La desidia y descuido de las instituciones ha abocado al olvido uno de
los emblemas más importantes de lo que significó la represión franquista
en Galicia.
Un colegio jesuita de finales del
siglo XIX muere herrumbroso y fruto del descuido en la
parroquia pontevedresa de Camposancos con el río Miño a su faldas y frente a la población portuguesa de Caminha.
No hay ninguna indicación desde la carretera que permita llegar hasta
lo que queda de sus muros para poder vislumbrar la enormidad de sus
dimensiones.
A los pies de la fachada un hombre regenta un puesto de
helados que da servicio a los viajeros que cogen el transbordador para
cruzar el río a Portugal sin conocer la dramática y terrible historia
que hasta el año 1941 ocurrió en el edificio que sirve de escenario de
su día a día.
La construcción, que llegó a ser origen de las universidades de Deusto y Comillas, fue uno de los mayores campos de concentración que
el franquismo usó para su represión, pero hoy solo vive presente en la
memoria de las familias de las víctimas de los que vivieron allí
recluidos. El desinterés de las instituciones amenaza con hacer perder
para siempre el recuerdo de lo que sucedió entre sus paredes.
El edificio jesuita fue utilizado por los franquistas en un primer
momento para alojar a todos los presos que eran capturados en las luchas
navales en el frente norte de Asturias y en alta mar.
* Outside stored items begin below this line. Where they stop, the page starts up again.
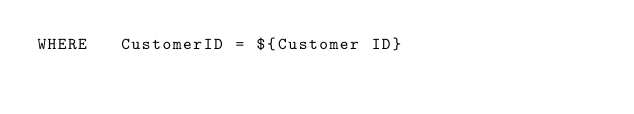Convert code to text. <code><loc_0><loc_0><loc_500><loc_500><_SQL_>WHERE	CustomerID = ${Customer ID}
</code> 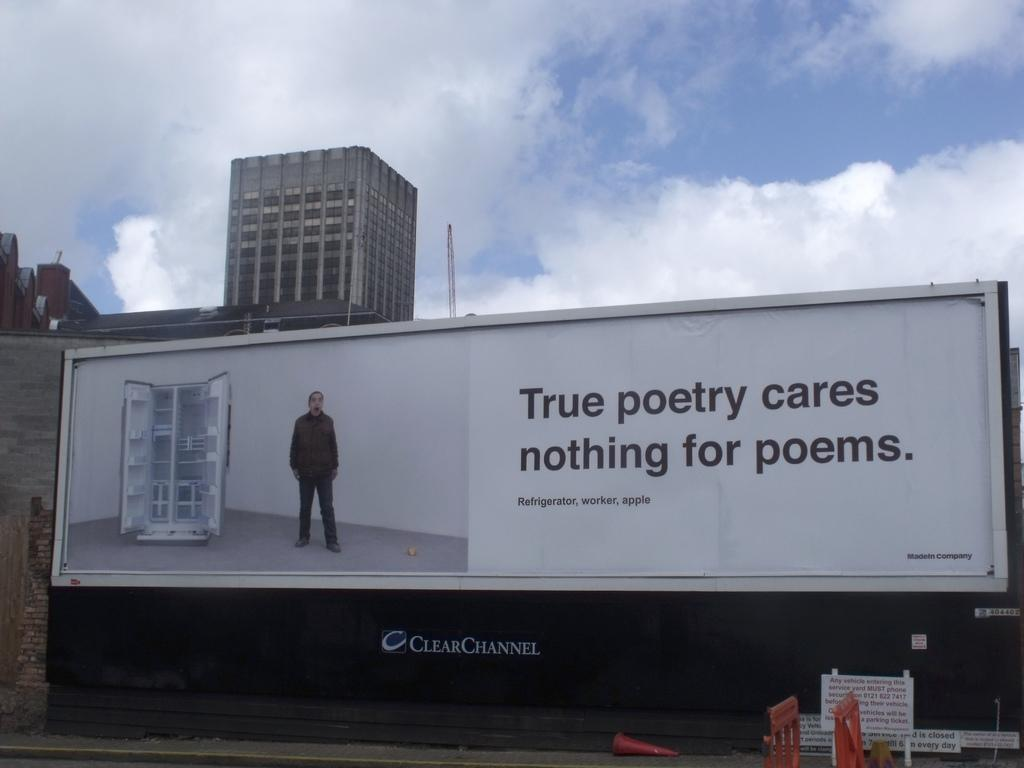<image>
Write a terse but informative summary of the picture. A billboard shows a man next to the phrase true poetry cares nothing for poems. 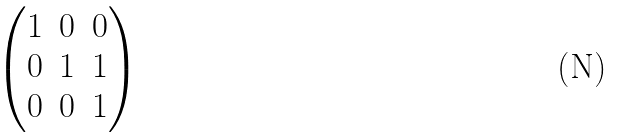<formula> <loc_0><loc_0><loc_500><loc_500>\begin{pmatrix} 1 & 0 & 0 \\ 0 & 1 & 1 \\ 0 & 0 & 1 \end{pmatrix}</formula> 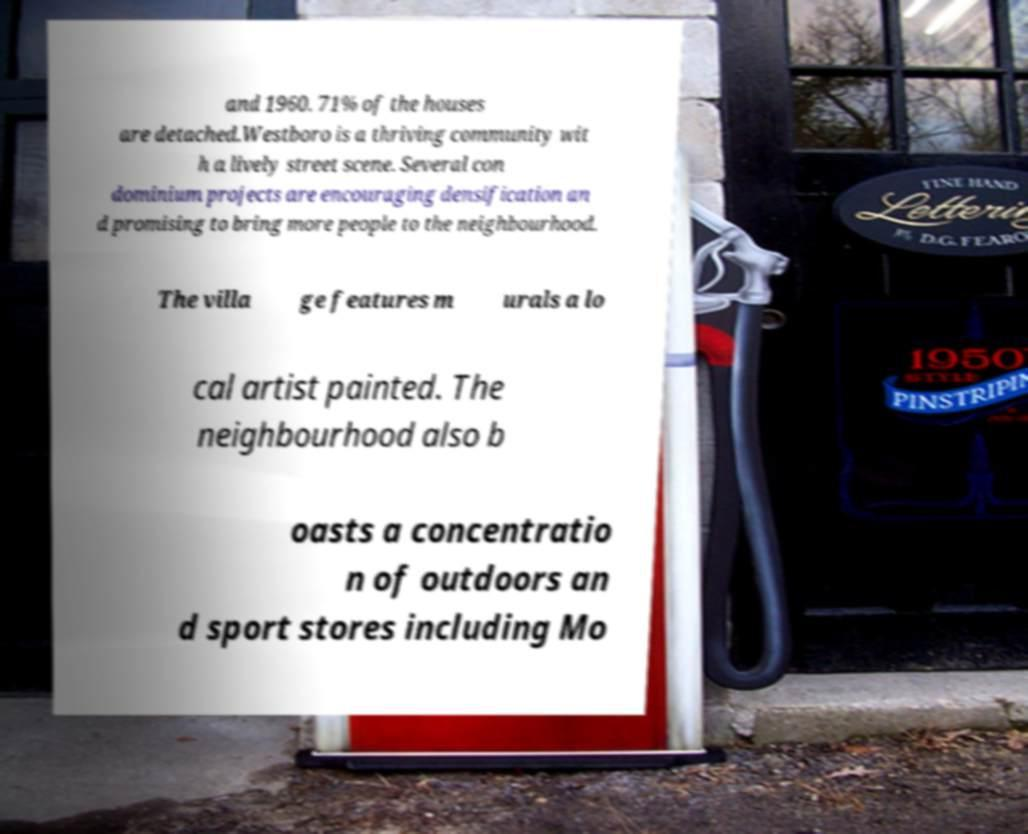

Posteriormente,
para alojar a todos los presos políticos de la zona. Unas instalaciones
que, según el informe de Inspección de campos del régimen de Franco,
podían acoger a 868 hombres pero que hasta su cierre en 1941 llegó a
albergar hasta cinco mil en unas condiciones infrahumanas de
hacinamiento.
La importancia de este campo de concentración en la represión
franquista estriba en el hecho de que a partir de junio de 1938 el
Tribunal Militar Número 1 de Asturias, que hasta entonces estaba en
Gijón, pasó a ejercer su negra labor dentro de sus muros. Allí tenían
lugar hasta cuatro consejos de guerra al día, y los fusilamientos
derivados de sus decisiones eran continuos. Quienes no morían
ajusticiados por el mandato del tribunal caían víctimas de la
tuberculosis o de otras enfermedades para las que los carceleros no
procuraban cura.
Un lugar de memoria que corre el riesgo de perderse. (...)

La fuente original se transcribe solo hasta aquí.